--- PROVIDED INFORMATION Enclosed Below ---
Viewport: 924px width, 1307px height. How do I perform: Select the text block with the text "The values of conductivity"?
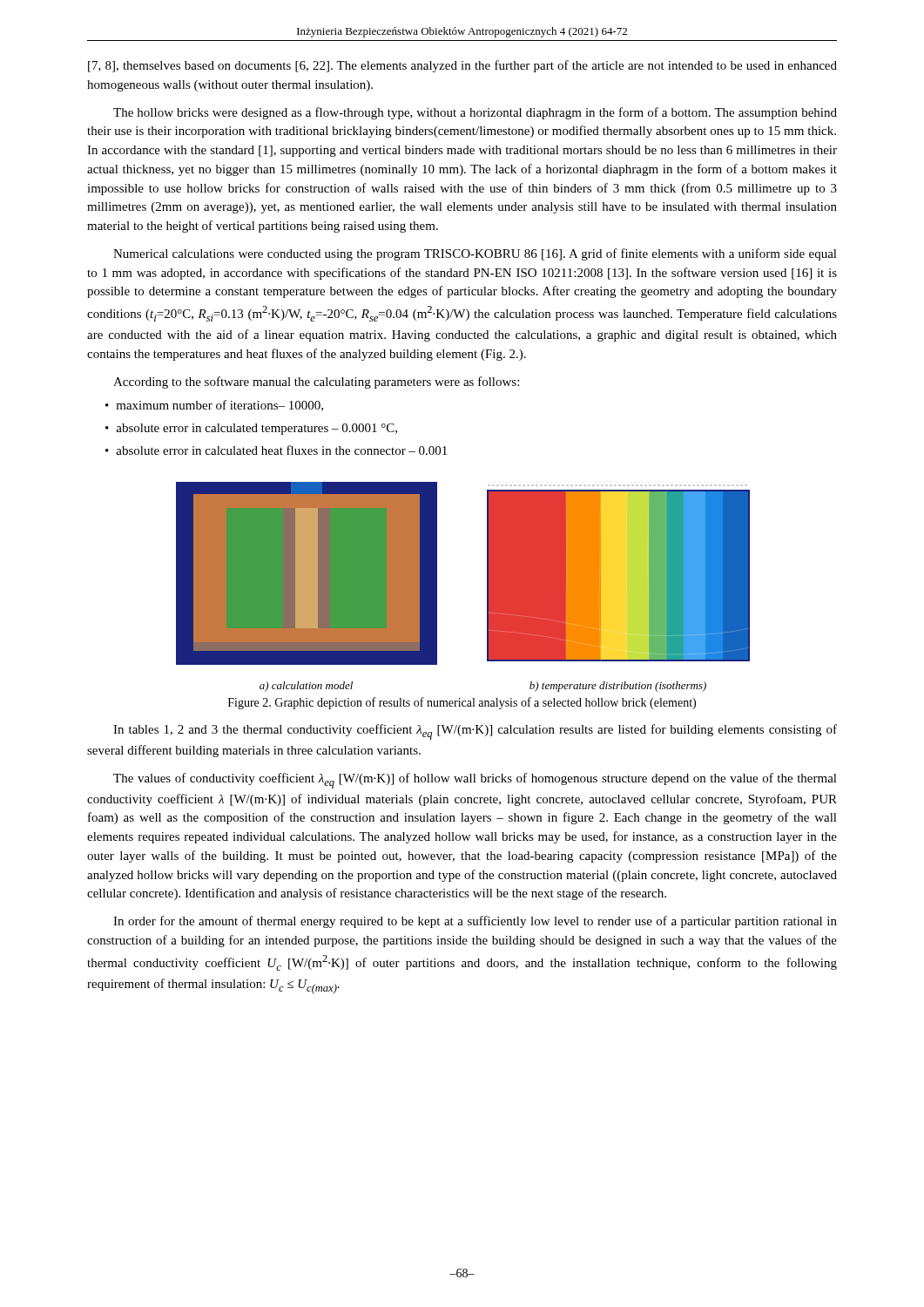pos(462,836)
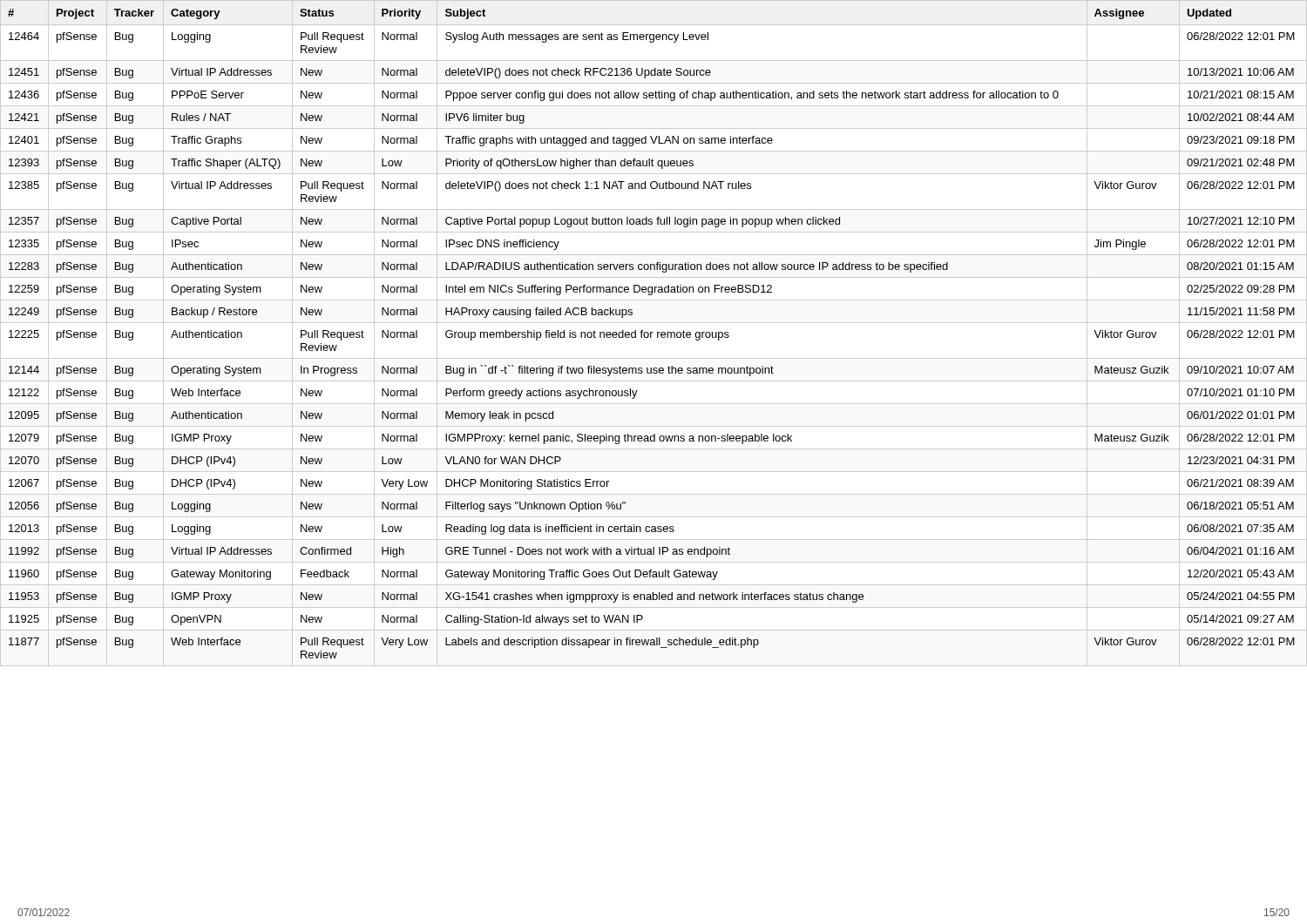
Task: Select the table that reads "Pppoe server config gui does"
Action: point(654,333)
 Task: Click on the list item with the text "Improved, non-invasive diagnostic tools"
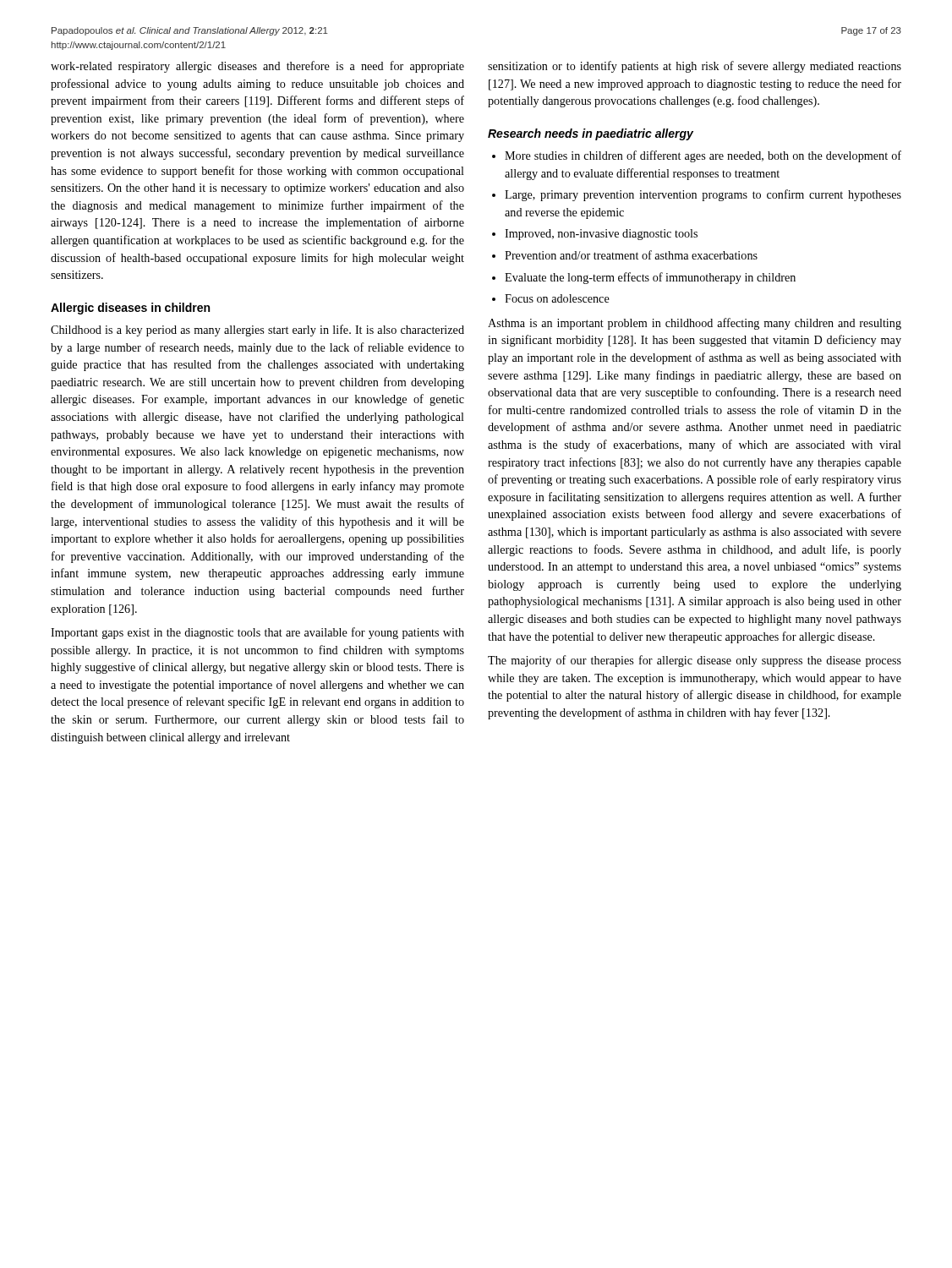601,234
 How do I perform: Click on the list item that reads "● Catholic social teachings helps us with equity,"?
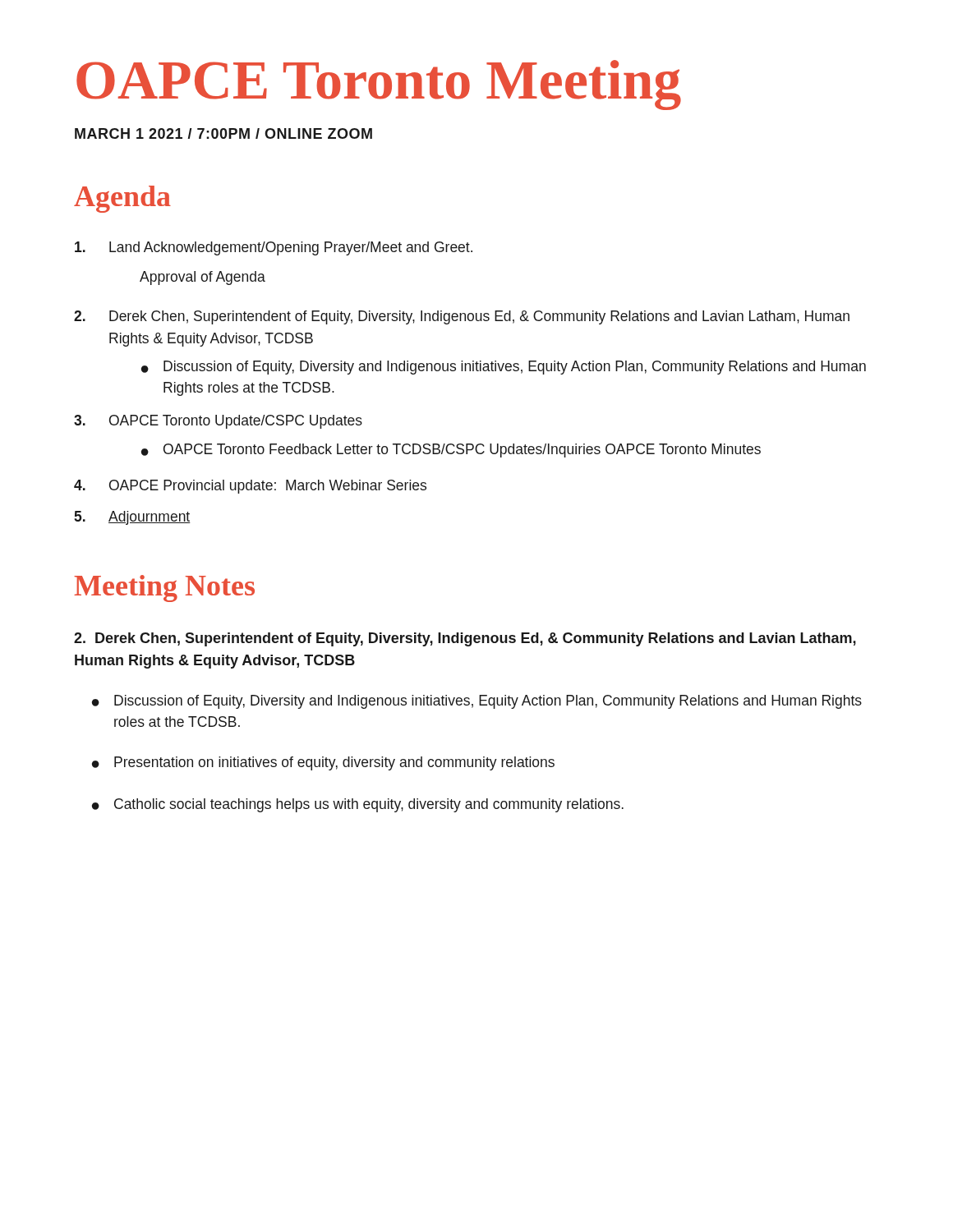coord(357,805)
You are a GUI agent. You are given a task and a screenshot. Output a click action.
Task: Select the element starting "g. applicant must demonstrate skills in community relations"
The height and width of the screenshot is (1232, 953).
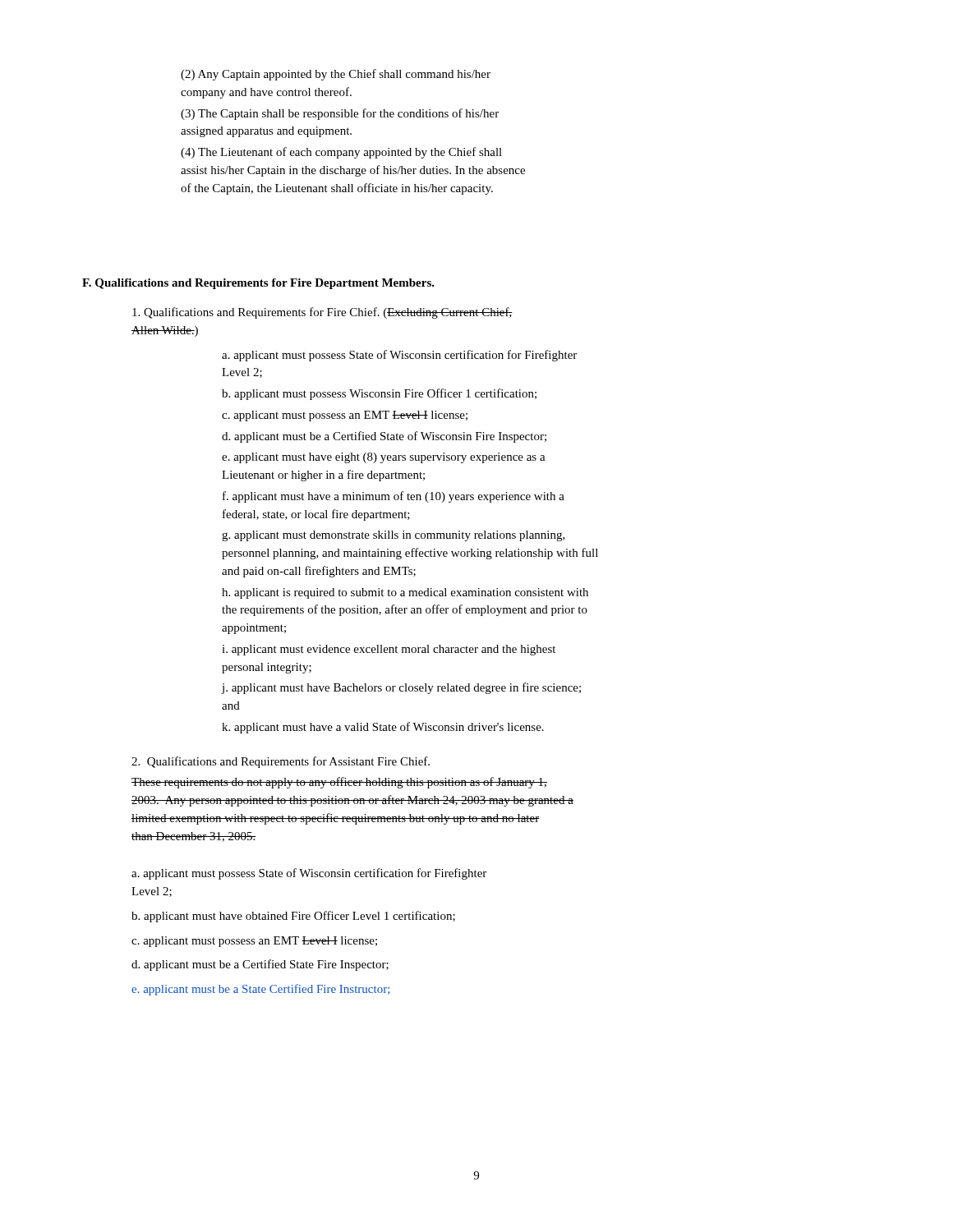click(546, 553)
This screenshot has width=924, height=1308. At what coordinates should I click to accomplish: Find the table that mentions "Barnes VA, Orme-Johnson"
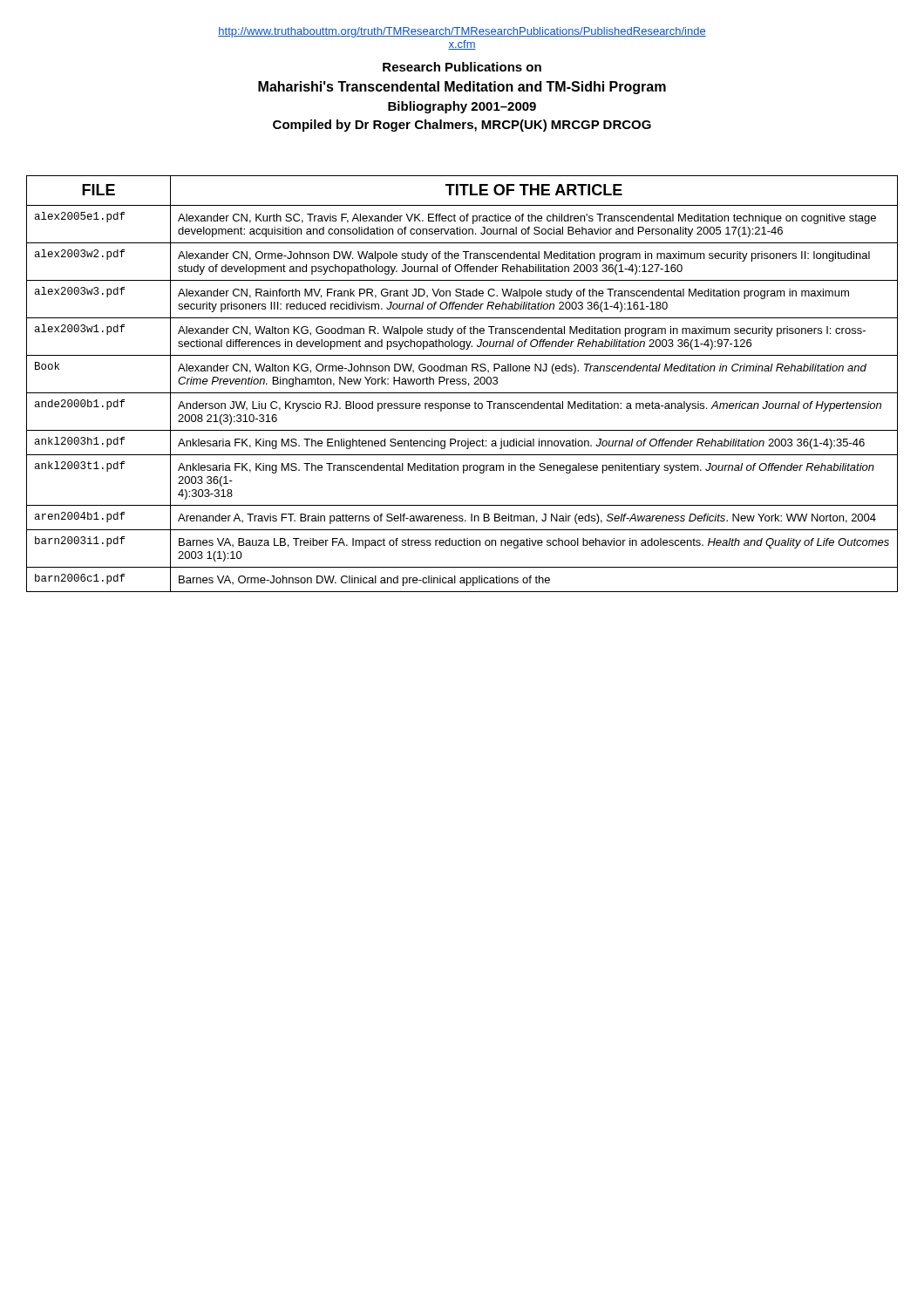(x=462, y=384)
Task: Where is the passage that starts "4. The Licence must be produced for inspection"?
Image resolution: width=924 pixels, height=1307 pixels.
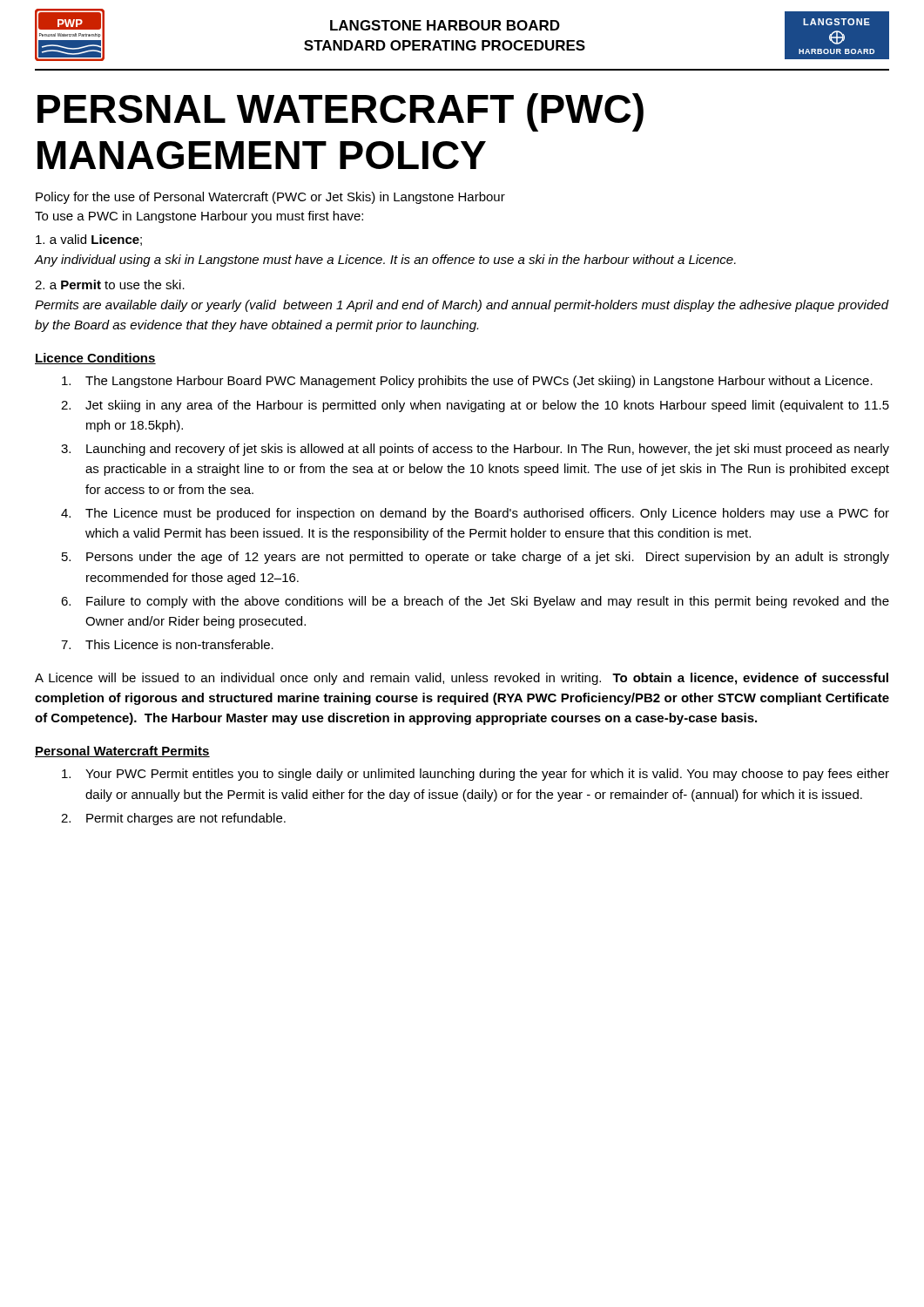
--- End of Enclosed PROVIDED INFORMATION ---
YOUR ASSIGNMENT ::
Gather up the lines containing the word "must" from these records and copy them.

RESULT OF THE EXERCISE ::
Task: Select the element starting "g. applicant must demonstrate skills in community relations"
Task: Where is the passage that starts "4. The Licence must be produced for inspection"?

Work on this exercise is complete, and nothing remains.